Origin
Origin Of The ‘Granges’
George Jackson Churchward was, at the turn of the Twentieth Century, Britain’s foremost locomotive designer. Preoccupied with engineering excellence, Churchward conducted wide ranging experiments on locomotives to better understand their performance. He studied the best of continental practice and even went so far as to acquire French ‘compound‘ locomotives as test-beds to run on the Great Western system for experimental purposes. Under Churchward, Great Western locomotives acquired a reputation for precise construction, free steaming and free running. They were quite simply the best in the land and gave the Great Western an advantage over its competitors.
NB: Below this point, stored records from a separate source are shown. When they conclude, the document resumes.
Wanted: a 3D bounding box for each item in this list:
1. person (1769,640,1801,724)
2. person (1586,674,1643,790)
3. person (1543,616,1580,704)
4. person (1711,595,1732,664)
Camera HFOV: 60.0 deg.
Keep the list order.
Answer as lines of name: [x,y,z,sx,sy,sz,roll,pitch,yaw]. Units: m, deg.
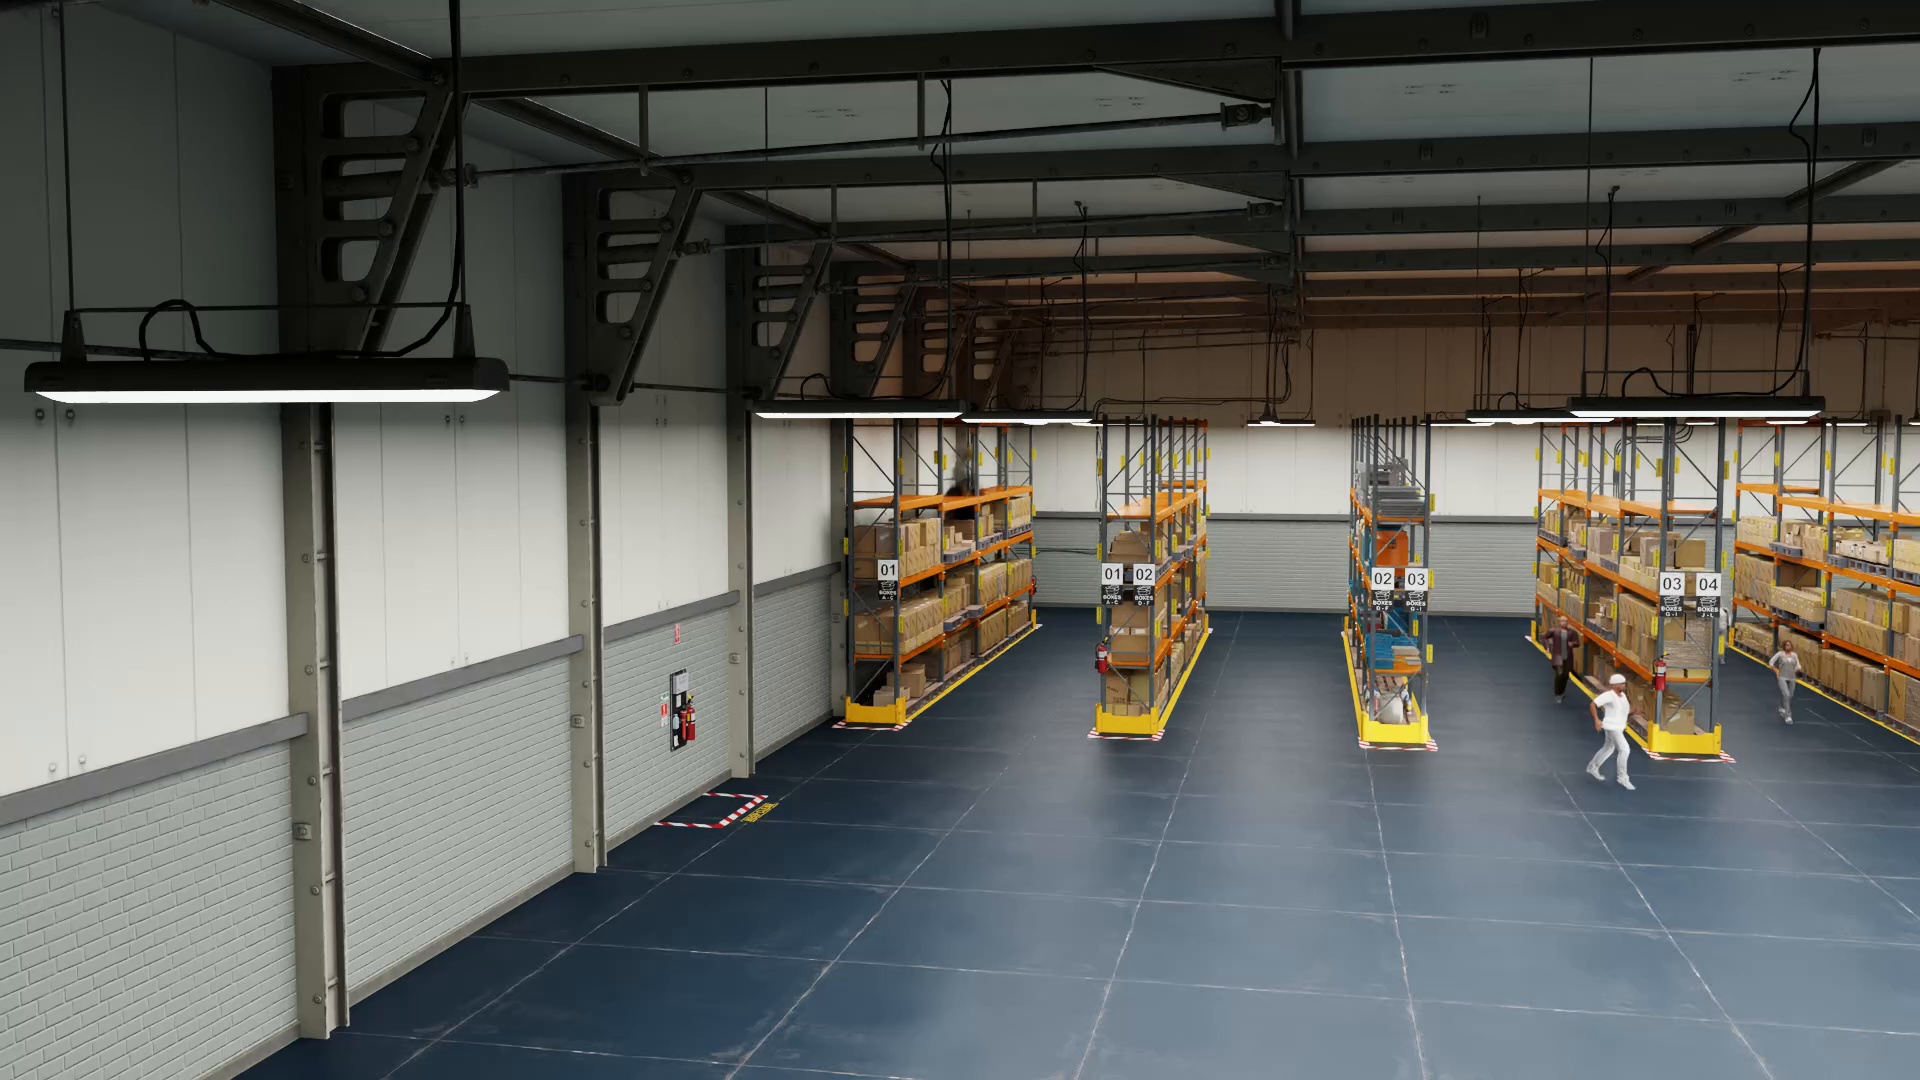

It was at this time that Churchward mapped out a family of locomotives that he believed would satisfy all the Great Western’s requirements. Amongst the family was to be a locomotive with a 4-6-0-wheel arrangement, 5ft 8in diameter driving wheels and the standard Great Western ‘No. 1’ boiler. They would be mixed traffic locomotives, employed on a wide range of duties from express passenger work to heavy freight. The locomotive was never built during Churchward’s career, but thirty-five years later his successor Charles Benjamin Collet designed the ‘Grange’ class that exactly fitted the description. Actually the ‘Granges’, like their sisters the ‘Manors’, were partly ‘re-cycled‘, around half the parts coming from other life-expired locomotives. Construction began at Swindon Works in 1936 and was completed in 1939, at an average cost of £5,000 per locomotive. In all 80 were built, though it is likely that many more would have been built but for the onset of war and the imposition of Government control of national locomotive construction.